Node-wide Asynchronous Message Progression for Efficient & Scalable Communication in High Performance Computing
Date
Authors
Journal Title
Journal ISSN
Volume Title
Publisher
Abstract
High Performance Computing (HPC) has served as the enabler for several scientific and engineering accomplishments. Consequently, there has been an ever-increasing demand to create larger and faster high performance systems. To efficiently utilize the HPC resources, parallel applications rely on software that abstract the cluster hardware. Currently, the most prominent software abstraction standard in HPC is the Message Passing Interface (MPI). Parallel applications entail communications to synchronize and to share intermediate results. To minimize the duration of application executions, it is crucial to overlap such communications with the computations. The MPI standard specifies three messaging semantics, namely, point-to-point communication, one-sided communication and collectives. In point-to-point communication, the overlap of large payloads has been a problem and there have been several proposals to address this. Among these approaches, asynchronous message progression is more adoptable because of its ability to deal with a wider range of inefficiencies and its non-reliance on specialized hardware. Traditional asynchronous message progression approaches have relied on either polling or interrupt based threads.

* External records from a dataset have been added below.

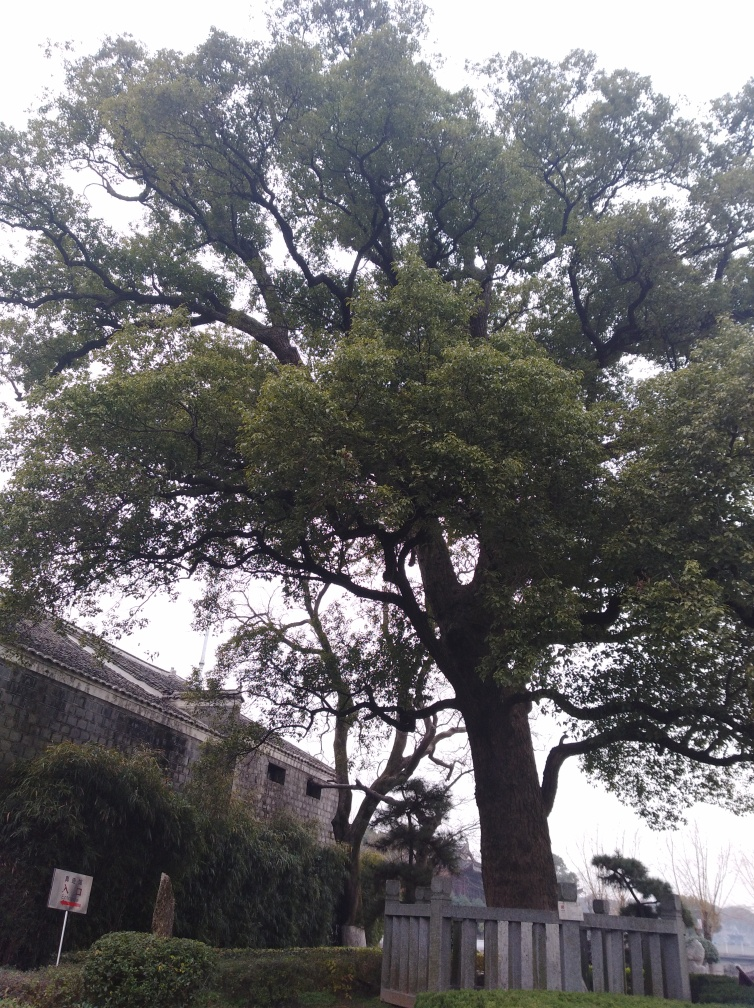What historical period might the stone structure belong to? While it's not possible to give an exact period without more context, the stone wall construction suggests it could be part of a historical fortification or building. Such structures often range from medieval times up to the 19th century, depending on their design and regional history. 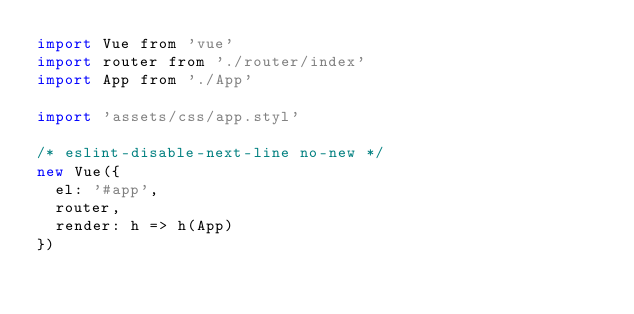Convert code to text. <code><loc_0><loc_0><loc_500><loc_500><_JavaScript_>import Vue from 'vue'
import router from './router/index'
import App from './App'

import 'assets/css/app.styl'

/* eslint-disable-next-line no-new */
new Vue({
  el: '#app',
  router,
  render: h => h(App)
})
</code> 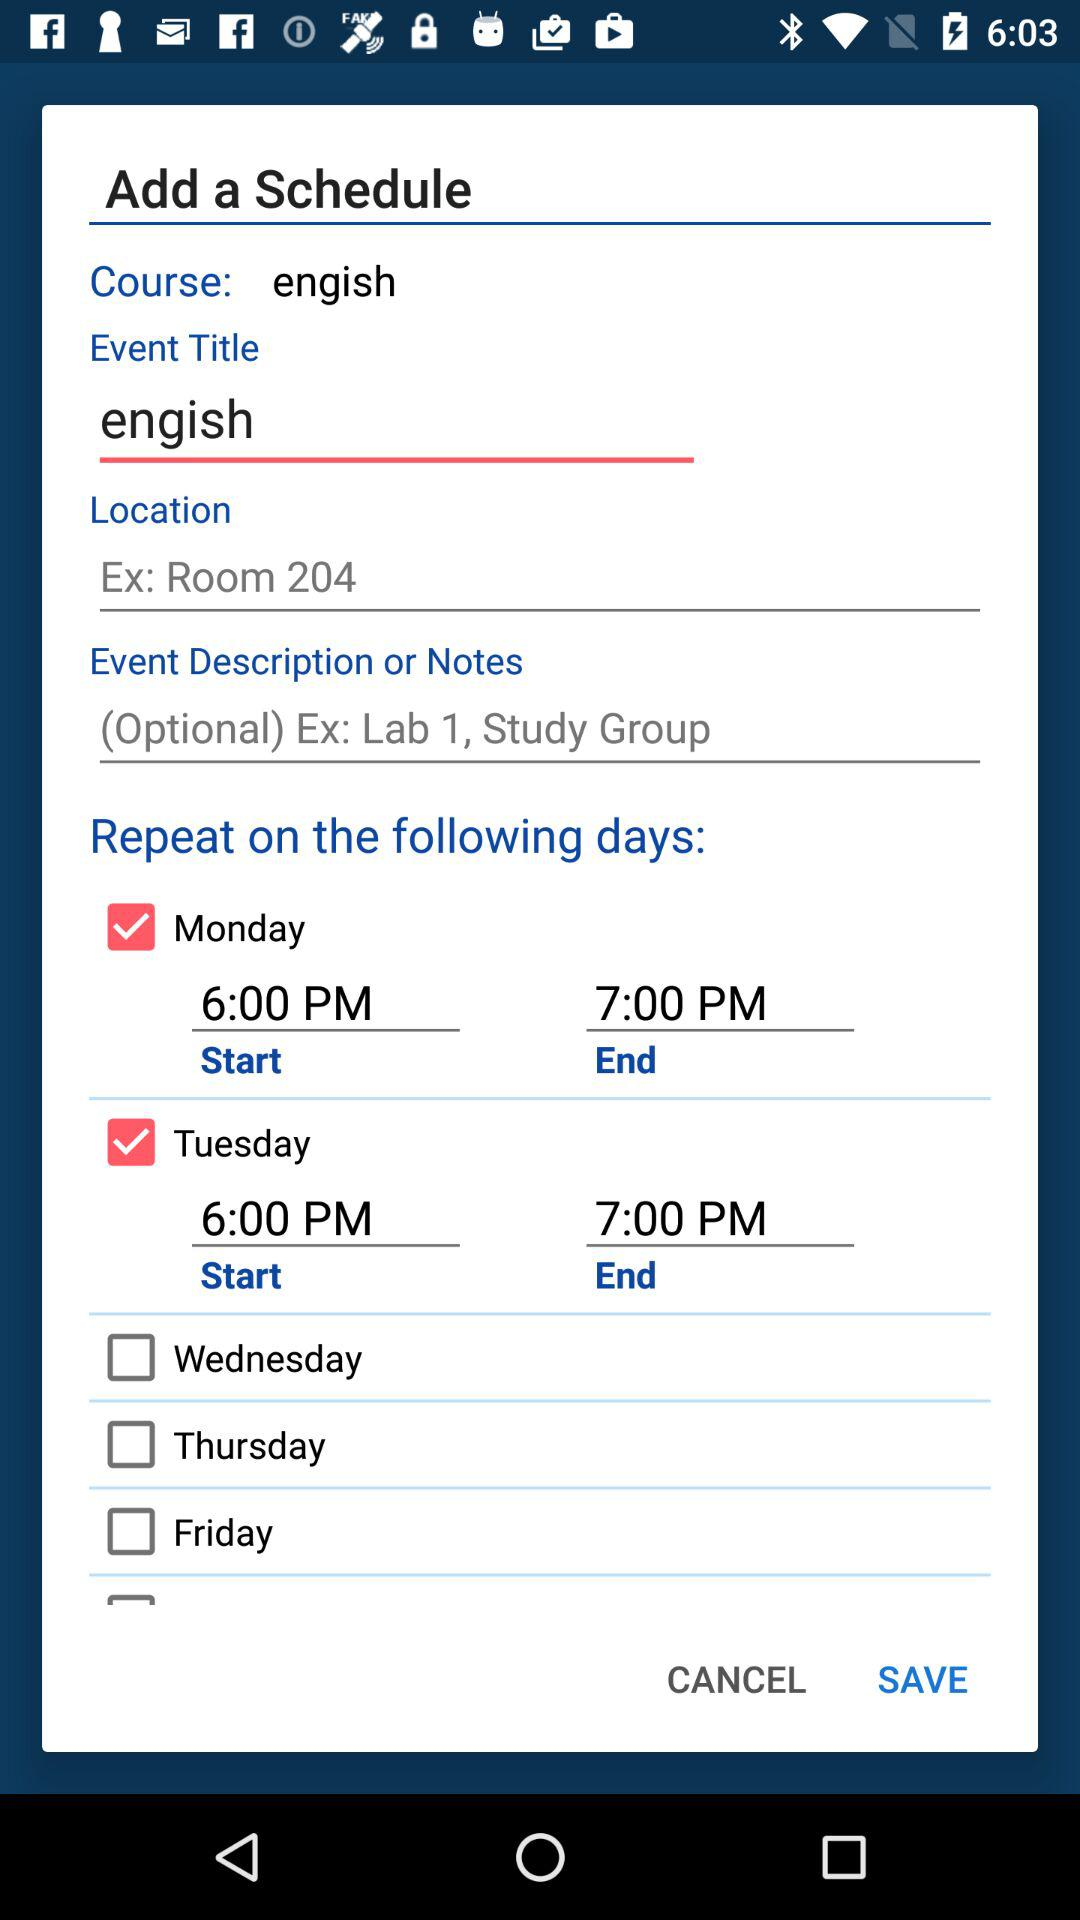When will the class end on Tuesday? The class will end at 7:00 PM.

The polling based approach is more responsive but is resource-intensive. On the other hand, the interrupt based approach is resource-efficient but is associated with overheads. This thesis proposes a node-wide asynchronous message progression technique that offers the advantages of both polling and interrupt based approaches, while minimizing or eliminating their adverse effects. This approach was found to be scalable, incur negligible overheads, induce the ideal amount of overlap in most scenarios of point-to-point communications and cast a small memory footprint. This technique was found to improve the overlap of certain collectives as well. One-sided MPI communication offers the ability to transfer messages with few or no synchronizations, regardless of the payload size. This scheme promotes overlaps but there are several overlap inhibiting scenarios. This thesis proposes a similar asynchronous message progression technique to address such scenarios. The one-sided implementation was able to achieve overlap in the different inefficient scenarios, with negligible overheads and a small addition to the memory footprint.